The myth that we must offer in our metapolitical campaign is that of the reconquest of this continent, and the re-establishment of White Australia. If we consider the word destiny to mean the greatest extent of the potential of a people, then it is the destiny of White Australians to conquer this continent as their homeland, and form a new Europe in the Antipodes. This was the motivating myth for countless generations past, and gripped the entirety of White Australia as an organic whole. From the sub-literate miners clubbing down Chinese coolies at Lambing Flat in 1860, to the patrician parliamentarians who brought about the White Australia Policy in 1901, and the diggers fighting in New Guinea in 1942, all felt its call to action. For White Australia was not a utopian vision of what could be, but a demand for the individual to safeguard Australia from the black and yellow hordes today. It is a vision in which no degree of compromise is possible, for you can either have a White Australia or a mongrel one. Australia for the White man must become for us more than a slogan, for it is the basic idea of our metapolitical struggle.
What victory looks like
Therefore, to engage in a metapolitical struggle against the system and its values is to both lay the groundwork for future political action, and directly erode the source of what is destroying our people. It also reveals the uselessness of other potential approaches. To attempt to engage with the democratic process without shaping the cultural conditions first would simply relegate us to being one minor party among many, sitting on the fringe with the libertarians, evangelical Christians and reactionaries. Likewise, trying to remove the racial aliens by force or assassinating the system’s leaders would achieve no lasting impact, as they would simply be replaced, with the underlying dynamic utterly unchanged.

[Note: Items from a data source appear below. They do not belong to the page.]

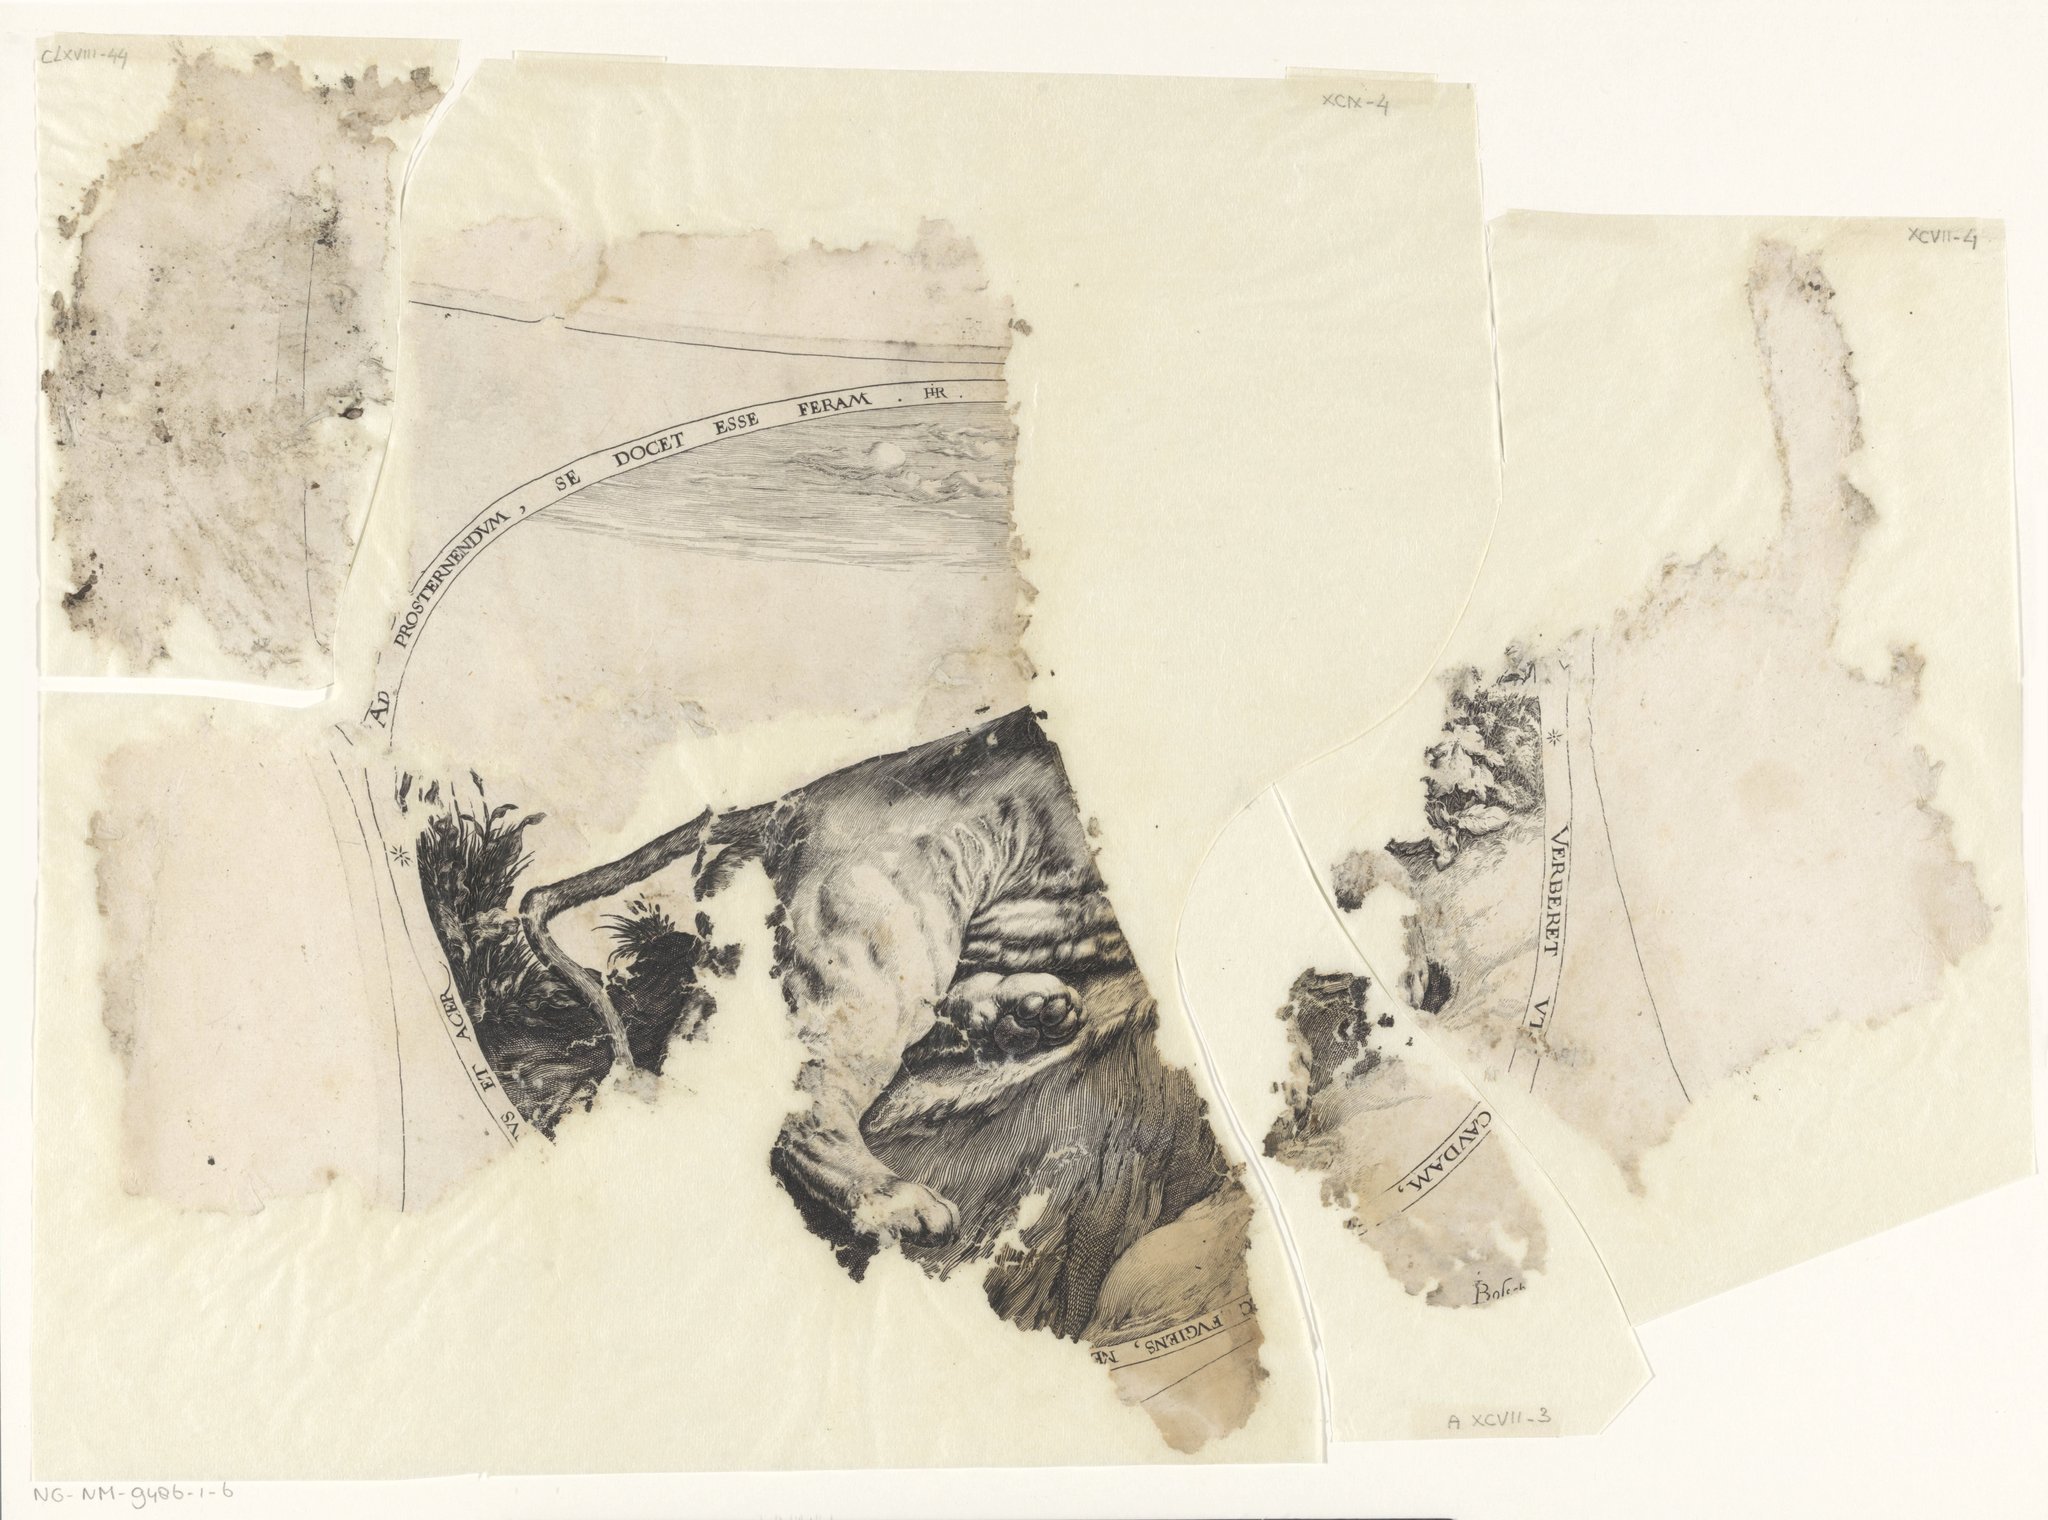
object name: print
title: Leeuw
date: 1580-1596
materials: paper
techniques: engraving
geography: northern netherlands
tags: beasts of prey, predatory animals: lion
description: De prenten in de Nova Zembla collectie zijn tijdens een expeditie van Willem Barendsz en Jacob van Heemskerk in 1596-1597 noodgedwongen in het winterkamp, het ‘Behouden Huis’, op het eiland achtergelaten. De prenten waren in één of meerdere stapels als handelswaar meegenomen vanuit Amsterdam. Bijna drie eeuwen later, in 1871, keerde de Noor Elling Carlsen terug naar Nova Zembla en vond daar de restanten van het ‘Behouden Huis, inclusief een groot deel van de inventaris. Een deel van de prenten, in de vorm van aaneengekoekte kluiten, werd toen ook teruggevonden. De papierkluiten waren soms op meerdere plekken gebroken. Tussen 1975-1979 zijn de prenten van elkaar gescheiden. Dit leverde in totaal ca. 1000 fragmenten van ca. 400 afdrukken van ca. 150 verschillende prenten op. Voor zover mogelijk zijn de fragmenten samengevoegd en zijn de prenten gereconstrueerd.
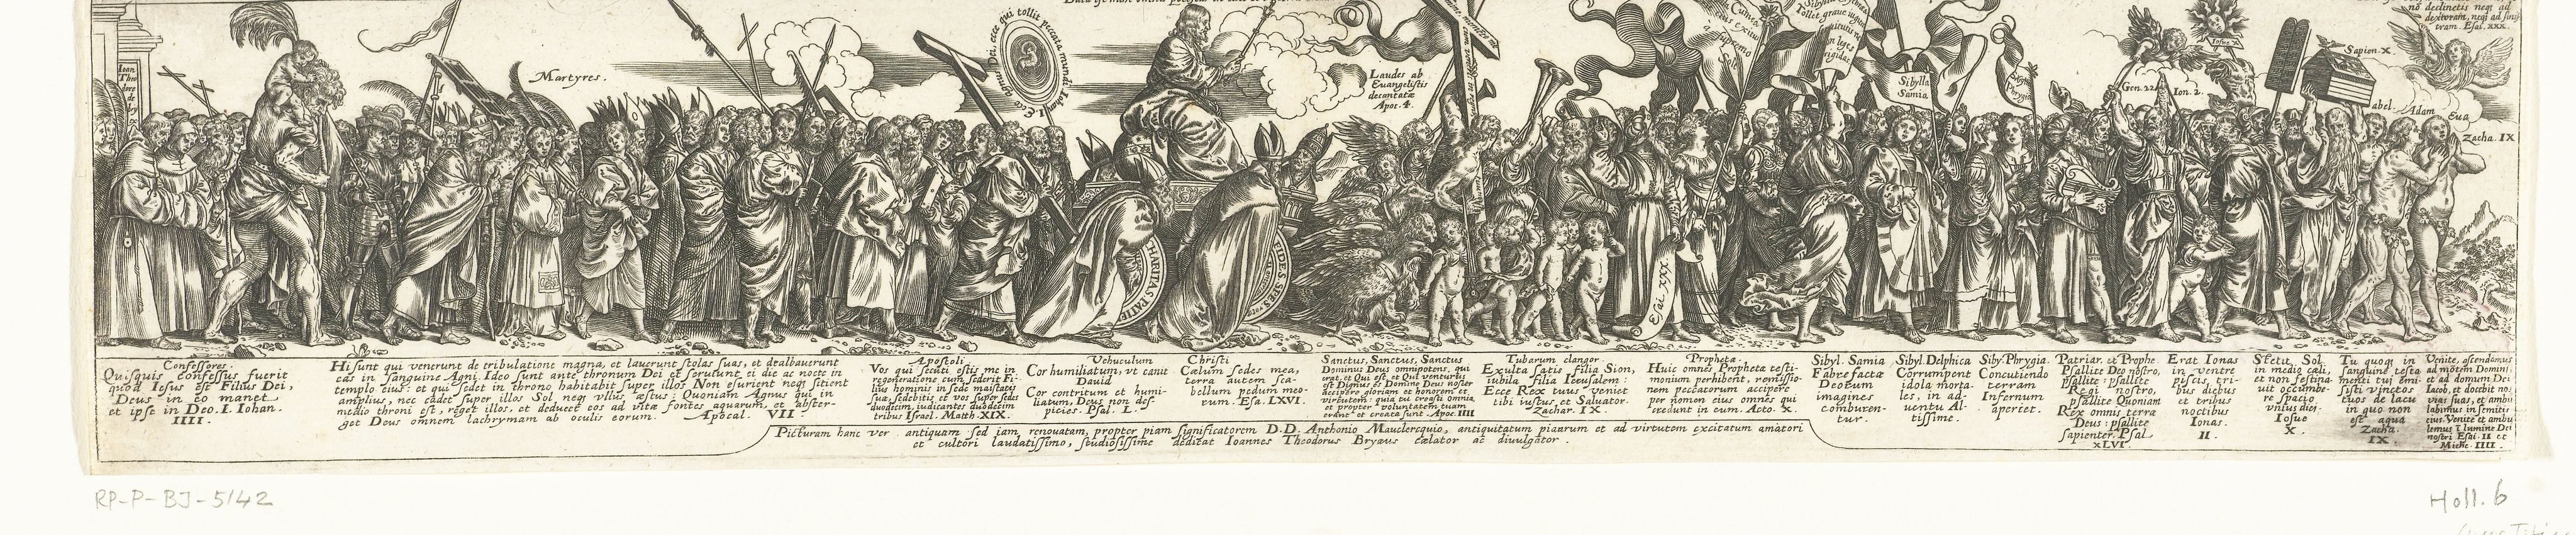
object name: print
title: De triomf van Christus
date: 1581-1623
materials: paper
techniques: engraving
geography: germany
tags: adam and eve (not in biblical context), triumphant christ, e.g. on triumphal chariot, groups of prophets, usually holding books or scrolls (isaiah, jeremiah, ezekiel, daniel, hosea, joel, amos, obadiah, jonah, micah, nahum, habakkuk, zephaniah, haggai, zechariah, malachi)
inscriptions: collector's mark: Lugt 240
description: Triomfstoet waarin Christus zit op een zegewagen, die wordt geduwd door de vier kerkvaders. De stoet wordt geopend door Adam en Eva, waarachter Noë, David, andere koningen, de Sybillen en de profeten. Johannes de Doper draagt het kruis. Achter hem de symbolen van de evangelisten. De triomfwagen van Christus wordt gevolgd door de apostelen, martelaren en heiligen (zoals Christoffel) en afgesloten door monniken. Met onderschrift en uitleg in het Latijn.
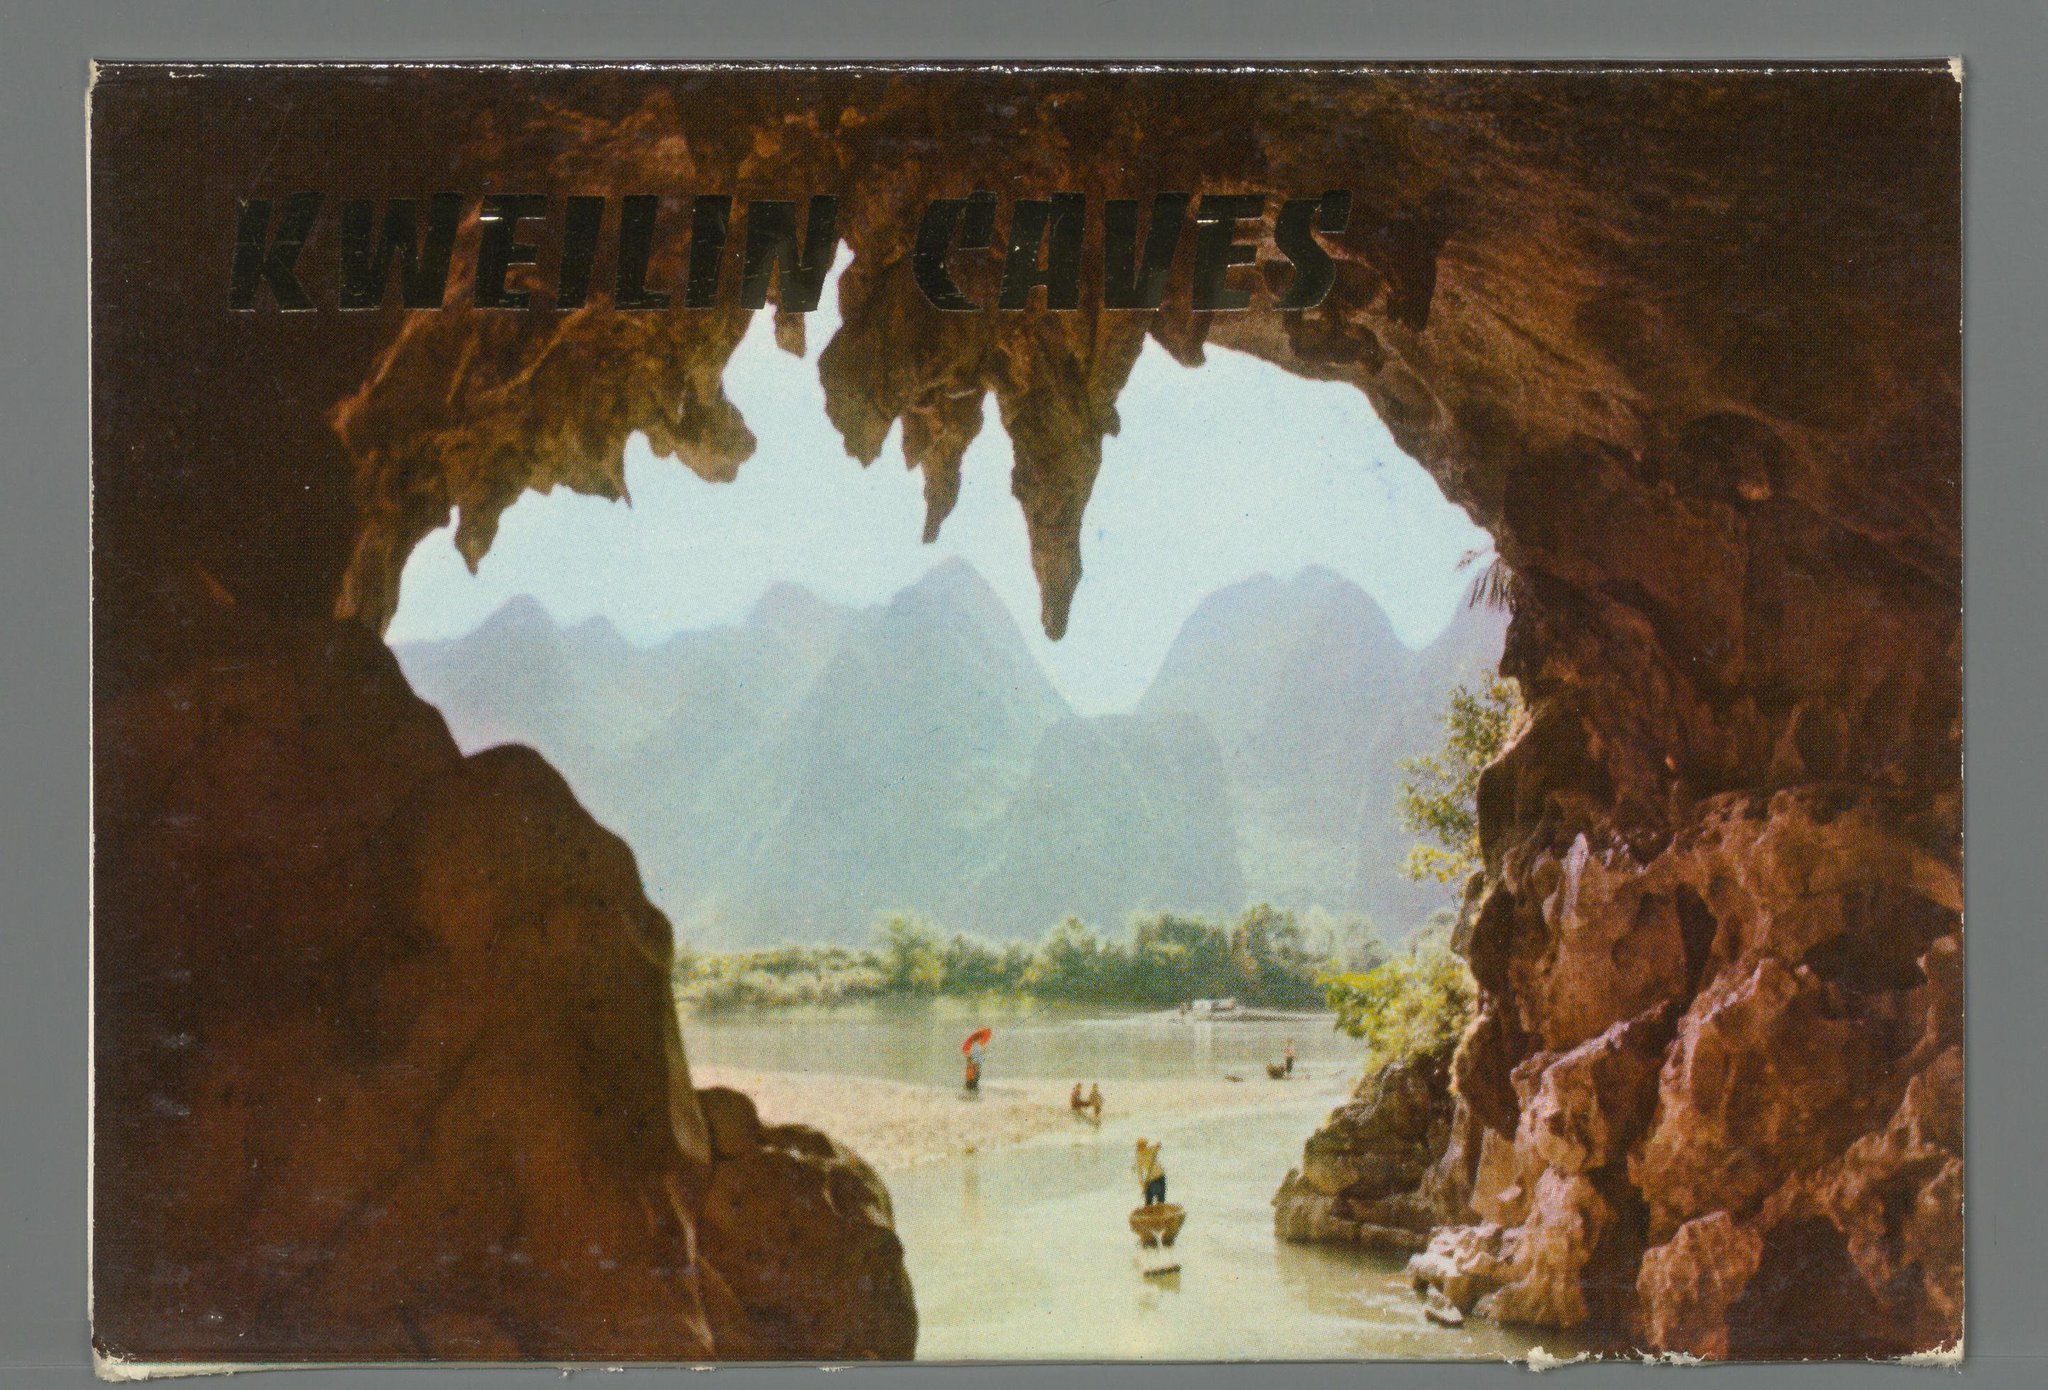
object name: photomechanical print
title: Omslag voor twaalf prentbriefkaarten met gezichten van de Guilin grotten
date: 1974
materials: cardboard
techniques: offset printed
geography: beijing
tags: stalactitic cave, river, mountains
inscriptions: date
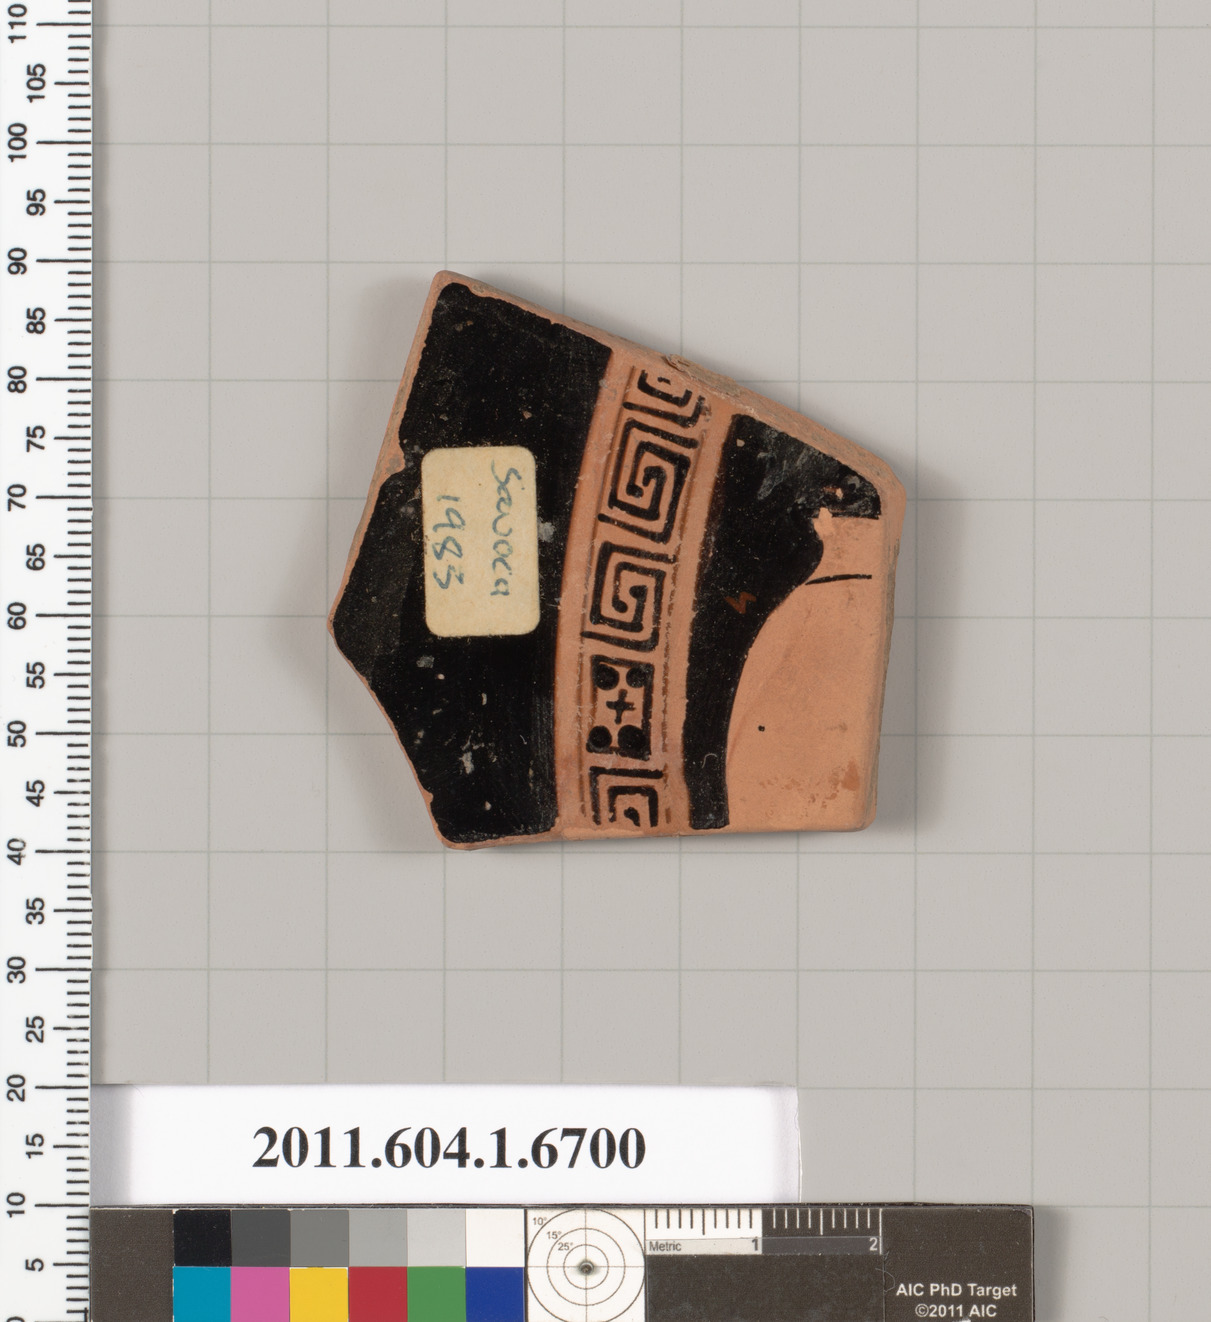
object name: kylix fragment
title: Terracotta fragment of a kylix (drinking cup)
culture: greek, attic
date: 490-470 BCE
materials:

Australian National Socialism will be the movement that lays the groundwork for the eventual capture of power, whether it be next year or a hundred years hence. The success or failure of our venture politically will not be measured by the number of times we get mentioned in the media, but in the establishment of Australian National Socialism as a serious political current in Australia. This means ultimately becoming the default ideology of resistance for White Australia, absorbing the political energies that had previously been squandered in class war movements, crude libertarianism or reactionary patriotism. This will come almost naturally if our metapolitical actions succeed in raising White racial consciousness.
Culturally, success would mean that previously sacrosanct ideas such as human equality and negative freedom come under regular attack in public debate, and lose their status as unquestionable foundations of society. Once the system-enforced consensus on these values collapses then discussion of many topics previously deemed heretical, such as the race question, will become widespread. Mainstream politics will be forced to react to this development, or face irrelevancy.
It is impossible to give a precise outline of events in the future, but by shaping the political battlefield now via metapolitics, we can give our people the best possible chance of survival when the hour of decision arrives.